Delay and defund. And default.
That is the House Republicans’ brilliant plan in their last-ditch effort to block implementation of the Affordable Care Act. It is a plan that threatens to grind the government to a halt and wreak havoc on the economy.
If they can’t take over Washington, they’ll shut it down. It’s their way or no way. All or nothing.
This is what has become of a party hijacked by zealots.
It would be tempting to blame all Republicans for this absurdity, but that would be unfair. There are still Republicans who are interested in good governance, but they’re being dragged to the nether regions of nonsensical policy making by younger, more ideological members of Congress, many from safely gerrymandered districts that form virtual echo chambers of irrationality.
The old guard has warned against the recklessness of the tactics of far-right House Republicans.
John McCain told CNN on Thursday: “In the United States Senate, we will not repeal, or defund, Obamacare. We will not. And to think we can is not rational.”Senator Richard Burr, Republican of North Carolina, said of the House Republicans’ strategy of threatening a government shutdown to force the defunding of Obamacare, “I think it’s the dumbest idea I’ve ever heard of.”Senator Jim Risch, Republican of Idaho, has said: "There isn’t anybody that thinks that Obamacare is going to get defunded. It cannot happen.” He added, “It is as impossible as anything can possibly be in Washington, D.C.”Even Karl Rove struck a rational tone in a Wall Street Journal op-ed published online Wednesday evening, saying:“Any strategy to repeal, delay or replace the law must have a credible chance of succeeding or affecting broad public opinion positively. The defunding strategy doesn’t. Going down that road would strengthen the president while alienating independents. It is an ill-conceived tactic, and Republicans should reject it.”But all those pleas seem to have fallen on deaf ears, or at least defiant ones.

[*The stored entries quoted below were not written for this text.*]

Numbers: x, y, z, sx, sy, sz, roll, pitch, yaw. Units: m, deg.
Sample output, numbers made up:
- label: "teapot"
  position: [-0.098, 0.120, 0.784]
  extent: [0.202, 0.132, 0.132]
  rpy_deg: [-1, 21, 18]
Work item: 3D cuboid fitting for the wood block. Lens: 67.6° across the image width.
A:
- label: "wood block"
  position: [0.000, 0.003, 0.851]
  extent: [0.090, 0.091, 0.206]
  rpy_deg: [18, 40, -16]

On Friday, House Republicans (and two Democrats) passed a spending resolution that would cut all funding for the health care law.

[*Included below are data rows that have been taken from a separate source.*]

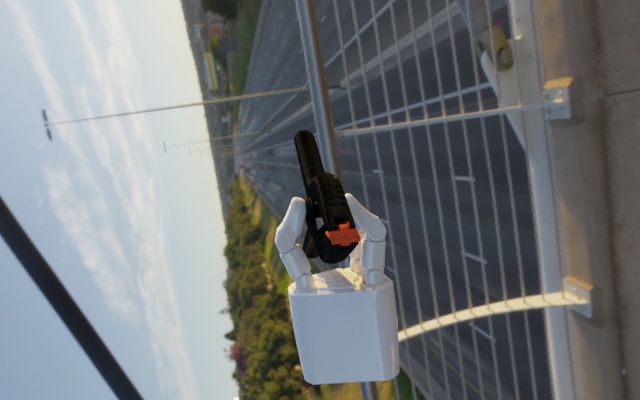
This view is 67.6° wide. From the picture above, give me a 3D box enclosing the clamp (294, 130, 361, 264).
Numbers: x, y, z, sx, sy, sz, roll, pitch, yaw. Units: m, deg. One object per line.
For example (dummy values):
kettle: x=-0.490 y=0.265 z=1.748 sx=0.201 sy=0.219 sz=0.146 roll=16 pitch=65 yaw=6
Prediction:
clamp: x=-0.001 y=0.002 z=0.522 sx=0.036 sy=0.164 sz=0.210 roll=-7 pitch=6 yaw=-10

This bill has no chance of passing in the Senate, but that wasn’t the point. The point was to gum up the works and to force vulnerable Democrats in heavily red states to go on record as refusing to defund the health care law.
These Republicans aren’t afraid the law will fail as much as they’re afraid that it will succeed and become part of the fabric of the collective conscience — and worst yet, be a clear legacy victory for President Obama.

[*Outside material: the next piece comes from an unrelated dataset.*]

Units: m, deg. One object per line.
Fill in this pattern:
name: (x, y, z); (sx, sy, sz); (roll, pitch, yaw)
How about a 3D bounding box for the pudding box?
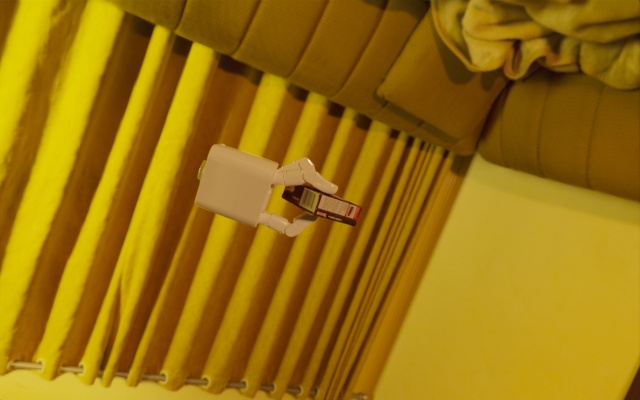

There is no more bitter Tea Party loss than a perceived Obama victory. The president is the focal point of the party’s frustrations. Tea Party representatives have been sent to Washington with a singular mission: obstruct Obama.
These Kamikaze members of Congress have made the House of Representative a house of horrors, where smart thinking is smothered, where rabble demand respect.
These are members of Congress from districts where the distrust of the federal government and the distaste for this president are blinding.
Some of them twist poll results to buttress their bitterness. They point to polls showing that most Americans opposed the law as fuel for their fight. What they neglect to reveal is that a sizable portion of those who opposed the law do so because they don’t think it goes far enough, not because it goes too far. A May CNN/ORC poll found that 43 percent of Americans favored the law while 54 percent opposed it. But it also found that of those polled, 16 percent opposed the law because they thought that it wasn’t liberal enough. Put another way, 59 percent of Americans support the law or want it to be more liberal.
Furthermore, a poll released this week by the Pew Research Center found that of the 53 percent of Americans who said they disapproved of the law, the percentage who want elected officials who oppose the law to try to make it work as well as possible was larger than the percentage who wanted them to try to make it fail.
The American people are not on the far right’s side in battle. House Republicans are on a quixotic mission.
Sometimes in a fight, you just have to know when your opponent has gotten the better of you, limp home and live to fight another day. But the House Republicans prefer a twisted, last-stand view: face sure defeat in a blaze of glory and be remembered for standing up for what you believe in.
If only their stance were honorable. There is no glory in this. This is petty and small. This is vindictive and vainglorious. This is what the end of seriousness looks like.